Validation of impedance-based method with different substrates and kinetic growth of biofilm. (A) Calibration curve for the resin substrate established with biofilm volume obtained from the confocal data at three different percentage changes in impedance with a sensitivity of 0.50 ± 0.03 biofilm volume / % change in impedance and an intercept of 0.93 ± 0.53. (n=4) (B) Representative data of converted biofilm volume in real-time corresponding to the impedance values, using a resin calibration curve for the resin substrate. (C) Representative data of converted biofilm volume in real-time corresponding to the impedance values, using a glass calibration curve for BAG-composite. (D) Comparison of kinetic growth with the same percentage change in impedance between three different substrates.

3.4. Effect of Ca2+-releasing resin-BAG composites on biofilm volume.

We aimed to further validate the working calibration curve of biofilm volume vs percentage change in impedance by using a novel Ca2+-releasing resin-BAG dental composite as the testing substrate. We chose an arbitrary point on the working calibration curve, such as a 60% change in impedance, and then calculated the anticipated biofilm volume on the BAG-composite substrate by using the working equation (Equation 1) (shown in Figure 4C). The calculated volume was 35 μm3/μm2. We validated the biofilm volume experimentally by using the previously known confocal fluorescence image analysis methods. The biofilm volume was determined to be 37 ± 2.3 μm3/μm2 (n=4). The percentage error between experimental data (37 ± 2.3 μm3/μm2) and estimated data (35 μm3/μm2) was 6%. The impedance-based method was shown to be credible for future volume prediction on various substrates with a 6% error for a biological system. The biofilms that developed on glass, resin, and BAG-composite required 3.5, 4.5 and 6 days, respectively, to achieve a 50% change in impedance. In comparison to the glass substrate, the resin and BAG-composite substrate exhibited a delay in development at the 50% change in impedance, as illustrated in Figure 4D. In addition, the impedance data demonstrated a considerable delay in the initial adhesion of bacteria and the growth of biofilms on BAG-composite substrates. The difference of biofilm formation kinetics has been affected by surface composition, roughness and porosity of substrates. The glass substrate is smoother than resin and BAG-composite. The difference in the initial attachment of bacteria and biofilm formation on glass and resin substrates suggests that the surface roughness and porosity delayed the bacteria attachment and initial biofilm formation as shown in Figure 4D. Even though resin and BAG-composite substrates have been polished to make same roughness and porose surface, initial bacteria attachment and biofilm growth kinetics are different due to different surface composition (Figure 4D). We expect that Ca2+ release from BAG-composite substrates cause delay of initial bacteria adsorption and biofilm formation [32].
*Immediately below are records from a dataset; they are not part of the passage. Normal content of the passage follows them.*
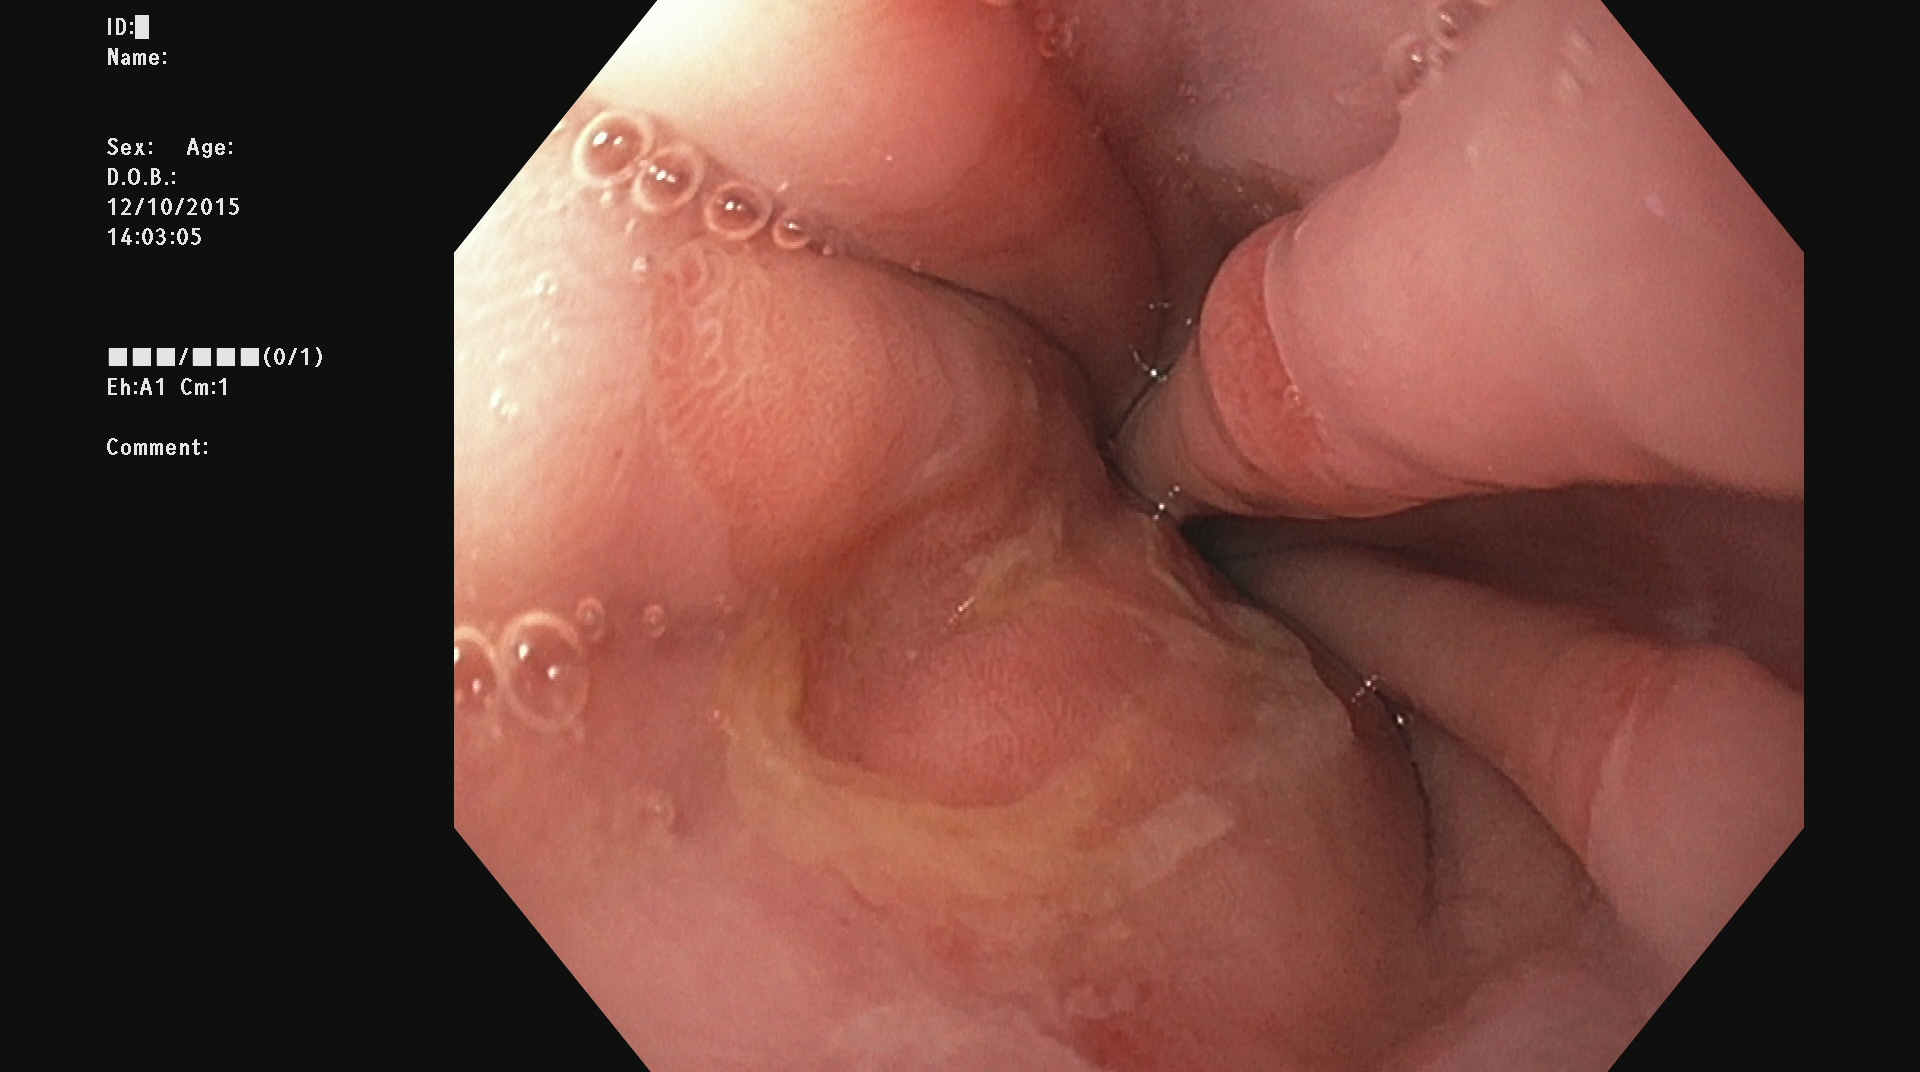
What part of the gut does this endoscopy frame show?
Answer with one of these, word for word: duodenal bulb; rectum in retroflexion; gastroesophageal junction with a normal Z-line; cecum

gastroesophageal junction with a normal Z-line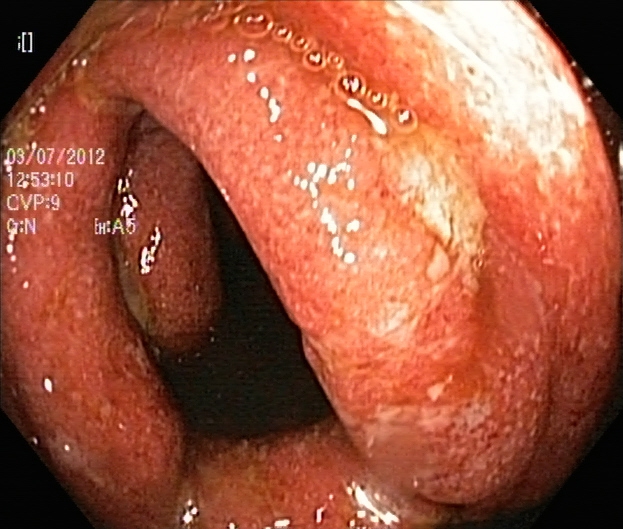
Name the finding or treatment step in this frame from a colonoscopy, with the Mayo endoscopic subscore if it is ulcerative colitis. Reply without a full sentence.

ulcerative colitis, Mayo endoscopic subscore 2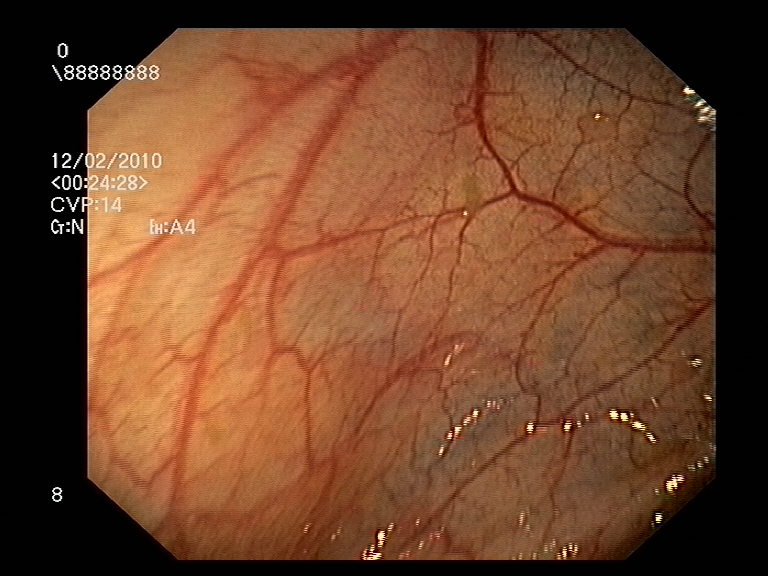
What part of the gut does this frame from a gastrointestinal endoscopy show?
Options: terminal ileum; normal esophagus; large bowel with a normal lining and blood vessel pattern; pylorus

large bowel with a normal lining and blood vessel pattern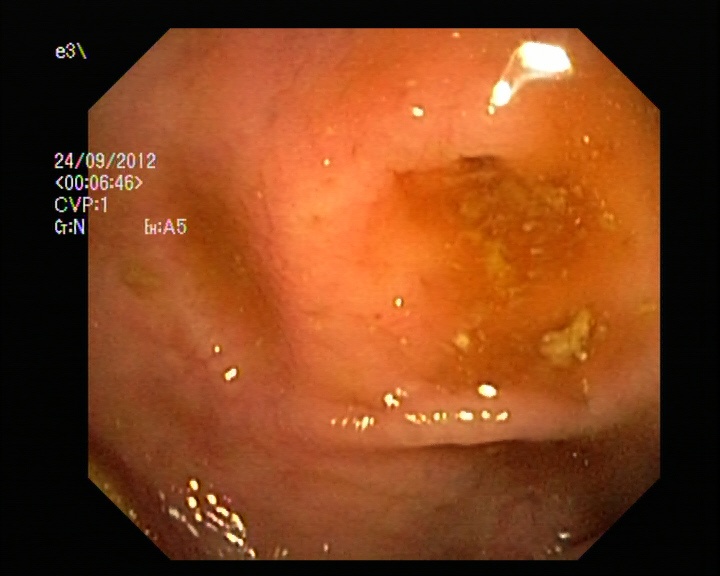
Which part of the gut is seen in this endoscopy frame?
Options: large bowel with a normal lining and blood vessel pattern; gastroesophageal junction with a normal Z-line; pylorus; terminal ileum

large bowel with a normal lining and blood vessel pattern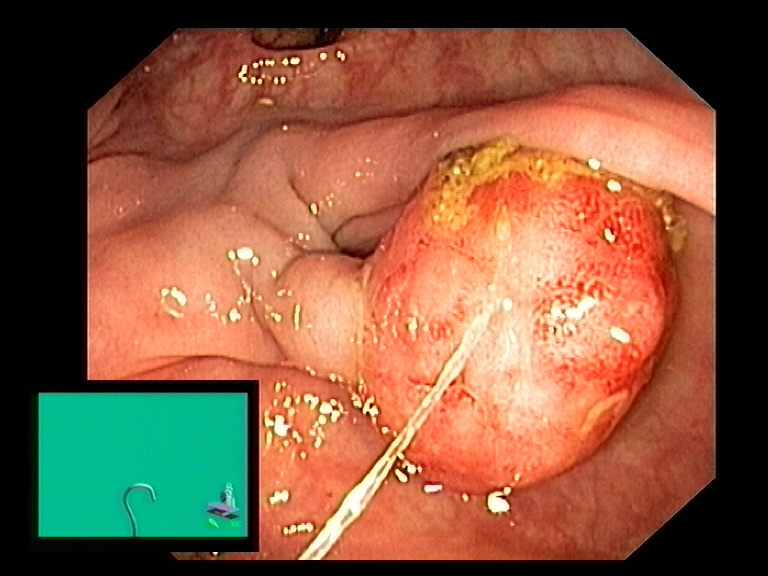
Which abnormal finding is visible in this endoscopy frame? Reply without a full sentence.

colon polyp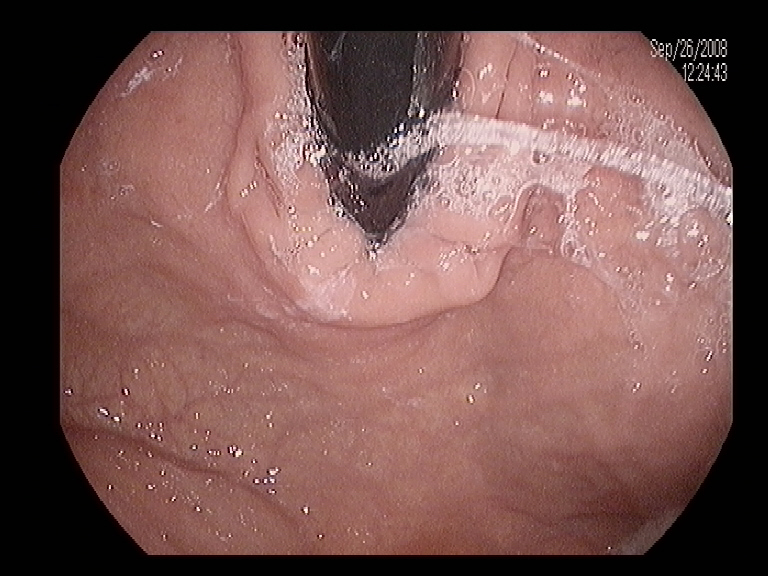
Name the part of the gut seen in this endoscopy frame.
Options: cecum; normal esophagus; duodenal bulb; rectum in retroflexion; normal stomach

normal stomach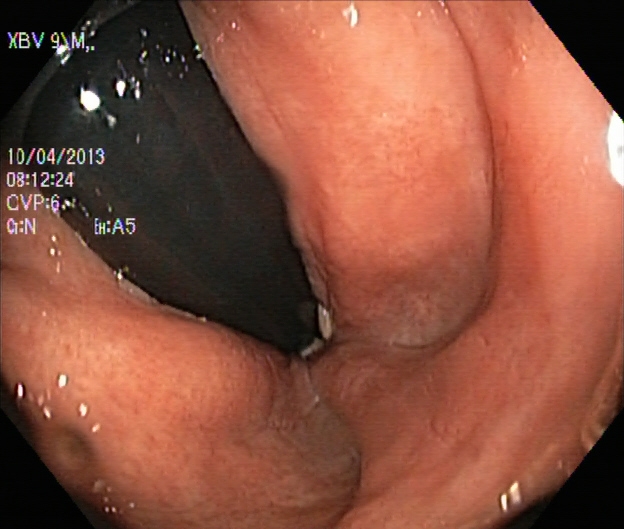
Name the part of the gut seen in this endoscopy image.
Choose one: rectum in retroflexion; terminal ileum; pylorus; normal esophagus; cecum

rectum in retroflexion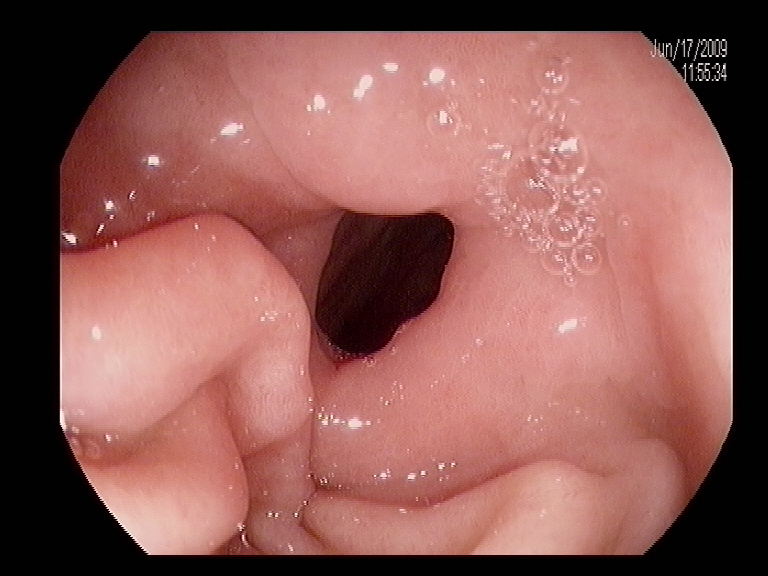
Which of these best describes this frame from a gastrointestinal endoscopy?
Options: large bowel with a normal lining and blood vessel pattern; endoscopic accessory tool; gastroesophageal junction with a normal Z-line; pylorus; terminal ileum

pylorus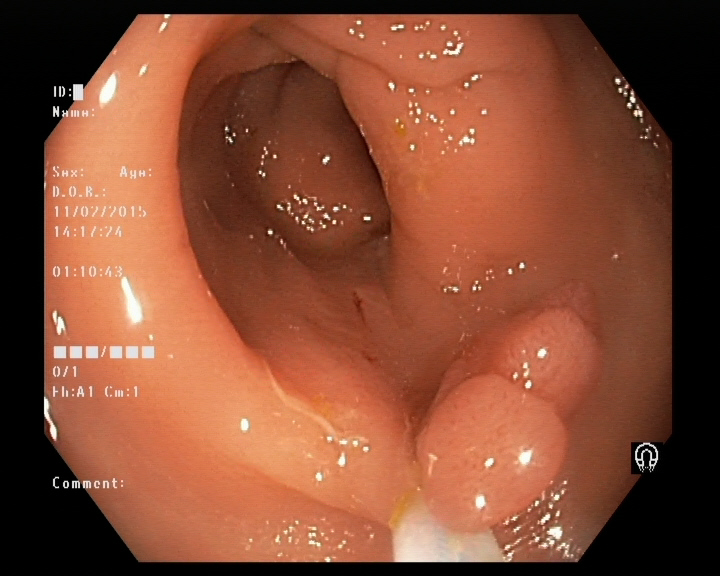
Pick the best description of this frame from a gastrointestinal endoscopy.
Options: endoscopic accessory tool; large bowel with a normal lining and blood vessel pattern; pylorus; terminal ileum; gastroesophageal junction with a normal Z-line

endoscopic accessory tool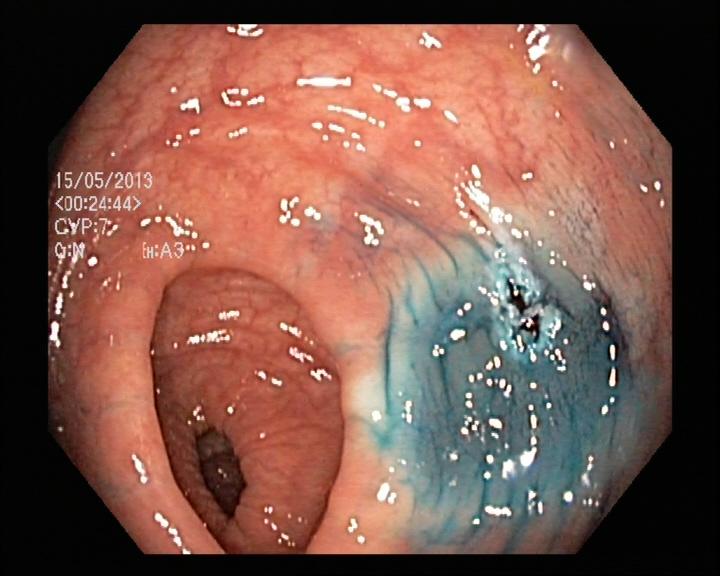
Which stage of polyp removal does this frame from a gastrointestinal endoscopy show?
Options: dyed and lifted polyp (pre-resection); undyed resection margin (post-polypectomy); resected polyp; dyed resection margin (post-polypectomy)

dyed resection margin (post-polypectomy)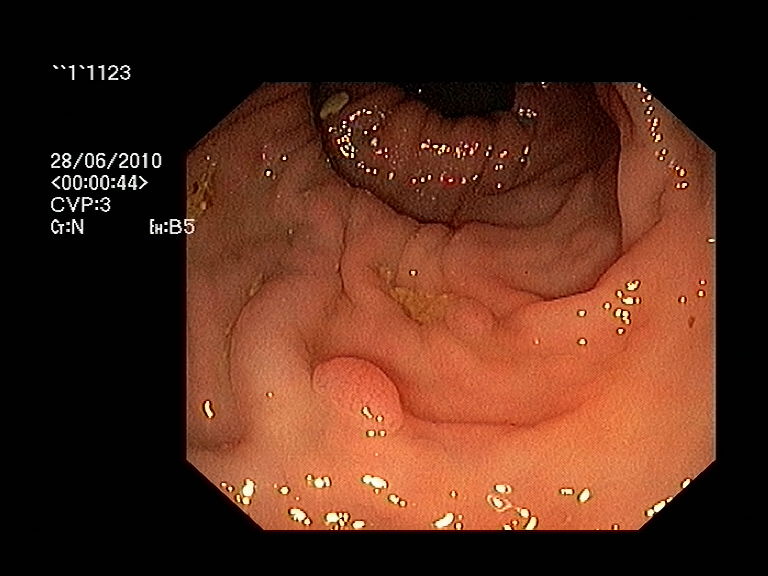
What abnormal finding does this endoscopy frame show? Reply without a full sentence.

colon polyp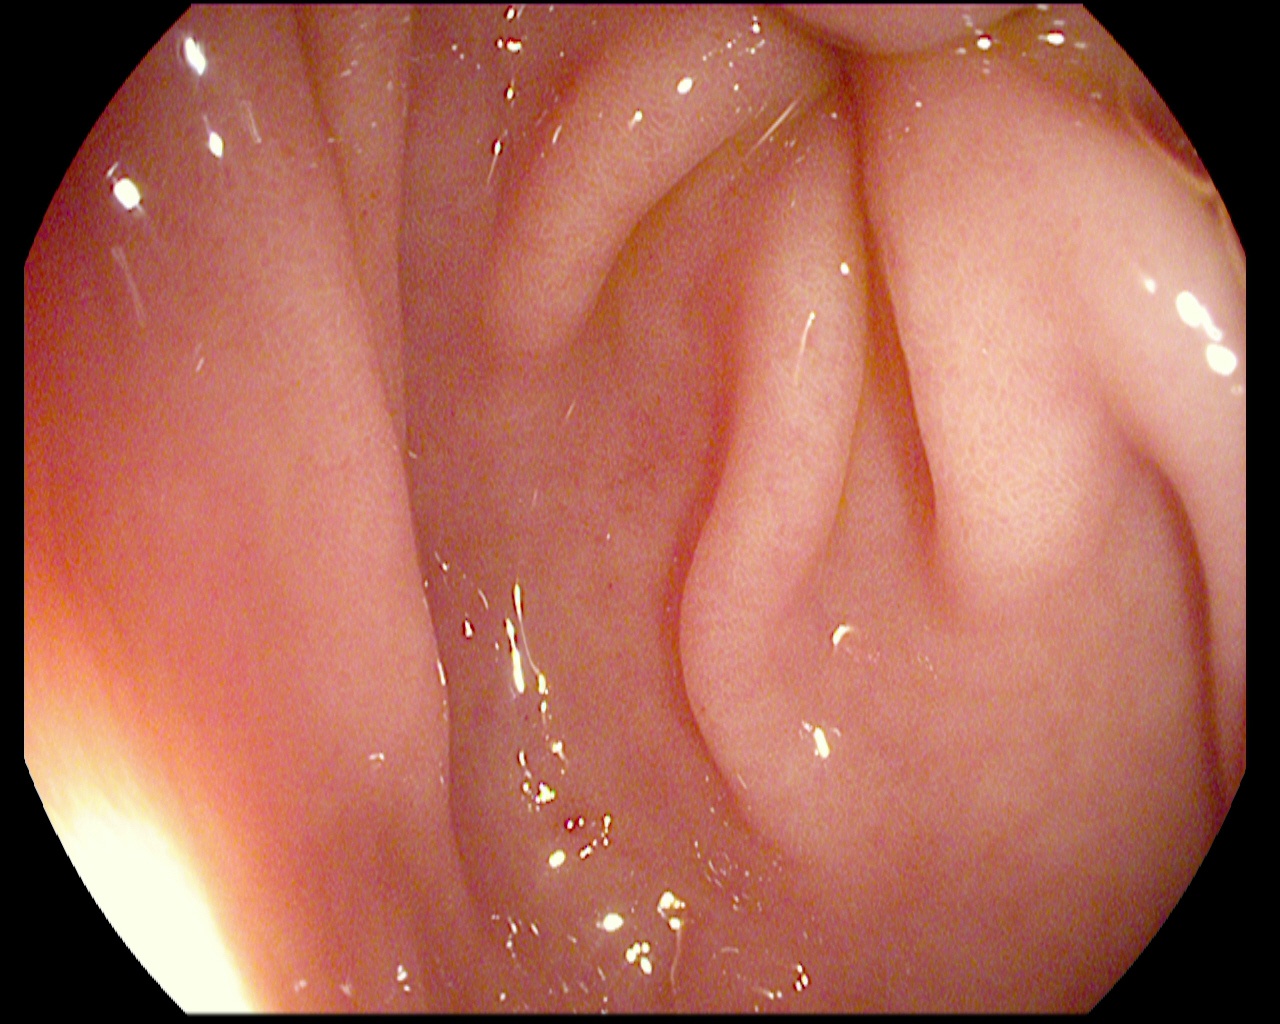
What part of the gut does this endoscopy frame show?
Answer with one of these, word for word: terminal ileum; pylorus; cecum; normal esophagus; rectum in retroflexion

pylorus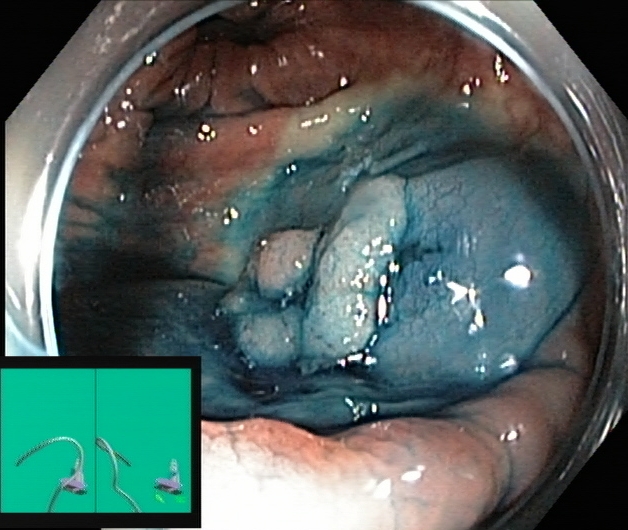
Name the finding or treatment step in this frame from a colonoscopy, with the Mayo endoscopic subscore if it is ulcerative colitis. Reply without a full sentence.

dyed and lifted polyp (pre-resection)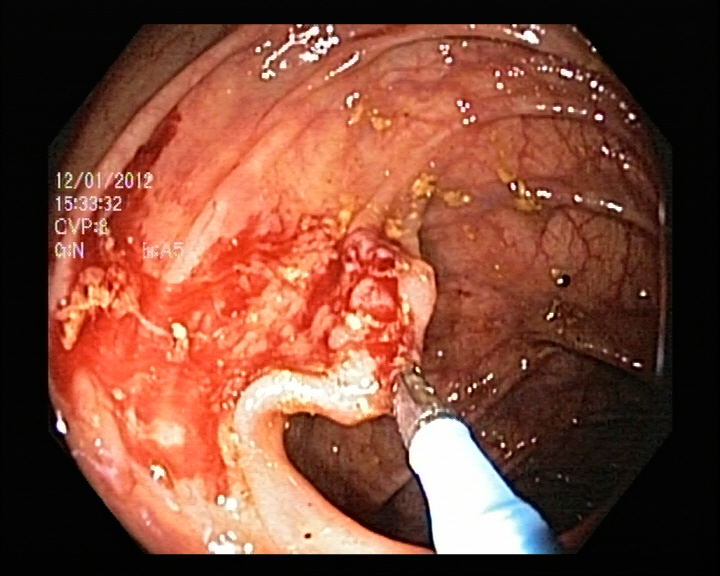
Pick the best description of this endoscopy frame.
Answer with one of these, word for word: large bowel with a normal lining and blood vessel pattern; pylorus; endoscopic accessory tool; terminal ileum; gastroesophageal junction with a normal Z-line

endoscopic accessory tool

We also determined bacterial distribution within the biofilm at various positions on the substrate by using a live/dead assay, as shown in Figure S3. In comparison to the BAG-composite substrate, the bacteria were more equally distributed across the glass or resin substrates. At some locations, the BAG-composite biofilm matrix was more dense, globular, and heterogeneous (Figure S3), which may have an effect on the diffusion of ions, including nutrients and metabolites produced by bacteria. With the newly developed impedance-based method, we are able to monitor the biofilm volume growth in real-time with various substrates including glass, dental resins, and BAG-composite substrates. Most studies were reported on the attachment of bacteria and biofilm growth on a conductive/electrode material instead of bio non-conductive materials. Biofilm volume quantification and monitoring continuously in real-time were not investigated for various substrates in these studies [26,27,37,41].

3.5. Correlation of pH and biofilm volume on different substrates.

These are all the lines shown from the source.